When light passes through a polarizer, its intensity changes depending on the angle between the light's polarization direction and the polarizer's transmission axis. This relationship is described by **Malus's Law**. According to Malus's Law, the intensity of light after passing through a polarizer is given by the formula:\[\bar{S}_{\text{polar}} = \bar{S}_{0, \text{polar}} \cos^2(\phi)\]Here, \( \bar{S}_{\text{polar}} \) is the transmitted intensity, \( \bar{S}_{0, \text{polar}} \) is the initial intensity of the polarized light, and \( \phi \) is the angle between the light's polarization direction and the polarizer's axis. The **cosine squared component** tells us that the intensity decreases as the angle \( \phi \) increases.

• When \( \phi = 0 \) degrees, the light is perfectly aligned with the polarizer, and the intensity is maximized.
• When \( \phi = 90 \) degrees, the polarized light is orthogonal to the polarizer, resulting in zero transmitted intensity.

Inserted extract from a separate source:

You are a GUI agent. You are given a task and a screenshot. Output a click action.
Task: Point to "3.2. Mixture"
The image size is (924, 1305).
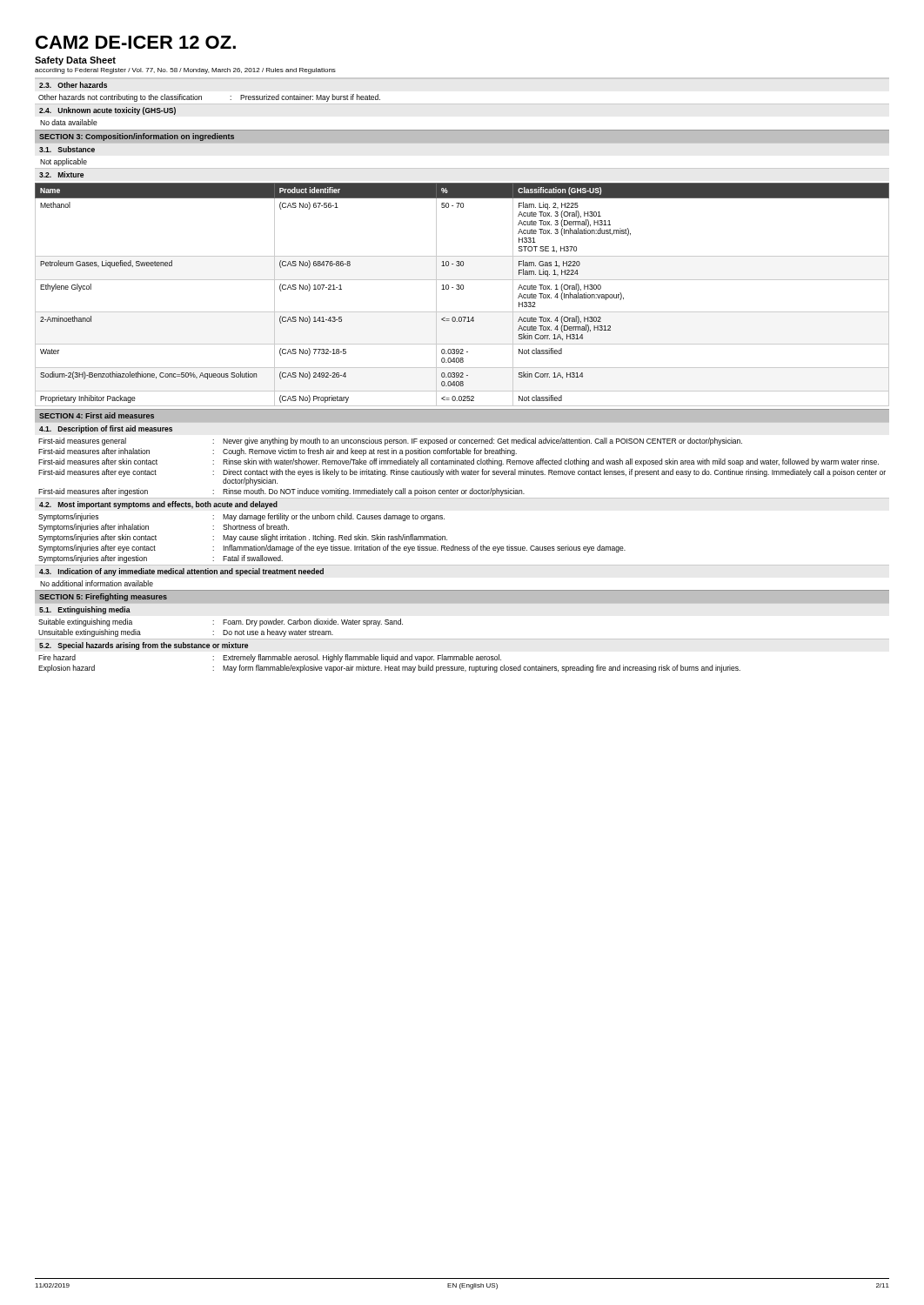(x=62, y=175)

Understanding Malus's Law is crucial for predicting how much light comes through a polarizer.

Polarizers in Optics

**Polarizers** are optical filters that allow only light waves with a specific polarization to pass through. These are essential tools in **optics** for controlling and analyzing light waves. When natural or unpolarized light, which contains all possible polarization directions, encounters a polarizer, the polarizer filters out all directions except one. This process results in polarized light. Using multiple polarizers can demonstrate fascinating effects. By rotating one polarizer relative to the other, you can control the amount of light passing through due to the interaction between their respective transmission axes. This technique is even applied in sunglasses and camera lenses to reduce glare.

• **Polarizer 1**: transforms unpolarized light into polarized light.
• **Polarizer 2**: the angle between the transmission axis and the light's polarization determines the amount of light that passes through.

Applications of polarizers illustrate the fundamental principles of polarization, simultaneously enhancing our everyday experiences with optical devices.

Intensity of Polarized Light

The **Intensity of Polarized Light** is a measure of how much light is transmitted after it passes through a polarizer. For unpolarized light, the average transmitted intensity is half of its initial intensity:\[\bar{S}_{\text{unpolar}} = \frac{1}{2} \bar{S}_{0, \text{unpolar}}\]This means that even without applying Malus's Law, unpolarized light is naturally reduced to 50% when passing through a polarizer. This is because only half of the light's polarization components align with the polarizer's axis at any given time. Once light is polarized, its intensity is further adjusted by the angle \( \phi \) following Malus's Law, as previously discussed. This explains why light can never be fully diminished to zero except when polarized perpendicular to the polarizer.

• Polarized light intensity changes with angle \( \phi \) due to the cosine squared relationship.
• Unpolarized light inherently reduces to half intensity upon first encounter with a polarizer.

Understanding these changes in intensity helps us manipulate light effectively in various scientific and practical applications, like in communications and imaging technologies.